2. Firms are persons. The method of legal recognition is to bestow “personality”: The law recognizes an individual human being as a “person” who has “standing” to bring or defend a claim in court. A person has rights: personal rights against mistreatment and rights against violations of one’s dignity and physical integrity. The law matters here. Consider the situation of a slave (historically not so very long ago in the United States) or an illegal immigrant (such as children from other countries crossing the southern border of the United States today). The law does not recognize them fully as “persons” – or at least not to the same level of available rights and obligations as “citizens.” Even children of citizens do not have a complete set of rights: they cannot drive cars or enter contracts legally until reaching an age allowing legal capacity. The law makes other distinctions: “person” is a legally denominated concept. It is extended (or not) for various reasons of philosophy and social policy.
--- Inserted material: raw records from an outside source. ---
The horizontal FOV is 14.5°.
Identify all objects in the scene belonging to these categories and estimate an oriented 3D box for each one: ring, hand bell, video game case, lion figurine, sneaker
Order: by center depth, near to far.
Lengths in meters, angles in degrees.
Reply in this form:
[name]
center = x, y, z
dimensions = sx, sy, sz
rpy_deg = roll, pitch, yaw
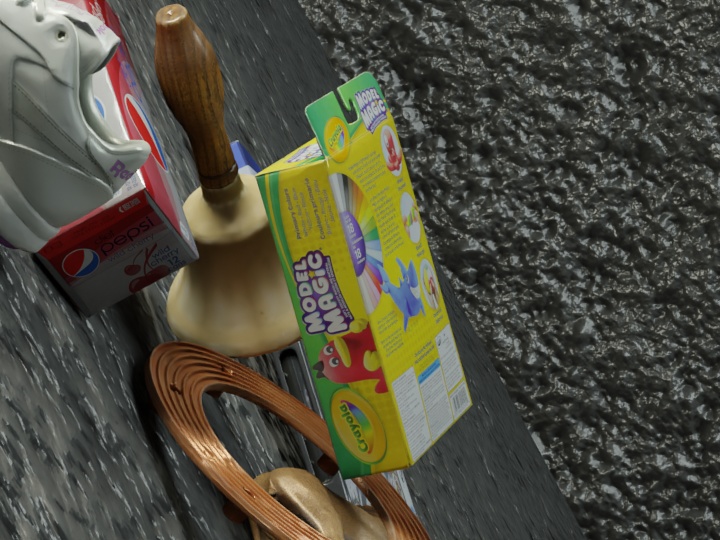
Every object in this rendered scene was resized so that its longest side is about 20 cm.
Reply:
[sneaker]
center = -0.169, -0.113, 1.293
dimensions = 0.201, 0.099, 0.075
rpy_deg = 60, 8, -9
[ring]
center = -0.037, 0.111, 1.492
dimensions = 0.200, 0.019, 0.201
rpy_deg = 38, 13, -11
[hand bell]
center = -0.081, -0.060, 1.548
dimensions = 0.104, 0.103, 0.201
rpy_deg = -111, -176, -50
[lion figurine]
center = -0.014, 0.153, 1.579
dimensions = 0.200, 0.072, 0.123
rpy_deg = 52, 8, -48
[video game case]
center = -0.011, 0.104, 1.882
dimensions = 0.200, 0.025, 0.182
rpy_deg = 29, 43, -75

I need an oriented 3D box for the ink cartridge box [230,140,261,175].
[ink cartridge box]
center = -0.063, -0.010, 2.070
dimensions = 0.201, 0.042, 0.119
rpy_deg = 64, 5, 34

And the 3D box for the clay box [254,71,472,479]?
[clay box]
center = 0.000, 0.000, 1.546
dimensions = 0.115, 0.047, 0.201
rpy_deg = -37, 112, -66

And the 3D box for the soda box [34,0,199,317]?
[soda box]
center = -0.146, -0.075, 1.460
dimensions = 0.063, 0.070, 0.201
rpy_deg = 55, 10, -47

Is a fetus a “person”? What rights does a “terrorist” have? Even: is a dog, such as my dog Butterbean, a legal person for certain purposes? I cannot, for example, torture him for fun (assuming that I’m that kind of person, which I’m not). In this sense, then, a dog too is a person: he has some minimal rights recognized under law (though he'll need someone else to speak for him).
An analogous argument applies to firms. They are “persons” because the law recognizes them as such and as having certain rights and obligations: standing in court, holding of property, a party to contracts, an organizational principal, a target for tort liability, and a potential plaintiff to insist on its “rights,” whatever they may be. The exact nature of these various rights of firms remains to be decided: The controversial recent cases of Citizens United and Hobby Lobby extend claims of political and religious freedom to include corporations as persons. Are these cases correctly decided? The answer does not, I believe, turn on whether they are considered “persons” or not. Firms are uncontroversially legal persons for many purposes. The question is whether or not we should extend certain kind of rights to firms as “persons” derivatively – representing the people who act collectively through them. Note that the answer can be qualified. We may say: “Yes, corporations hold property and should have standing to object on constitutional grounds if a government attempts to expropriate the property without compensation.” But we may also say: “No, corporations usually represent diverse groups of people regarding religion, so in these cases it is not correct to say that corporations should have religious rights" (contrary, of course, to the holding of Hobby Lobby). I make this latter argument in a previous blog for The Conglomerate on Hobby Lobby here.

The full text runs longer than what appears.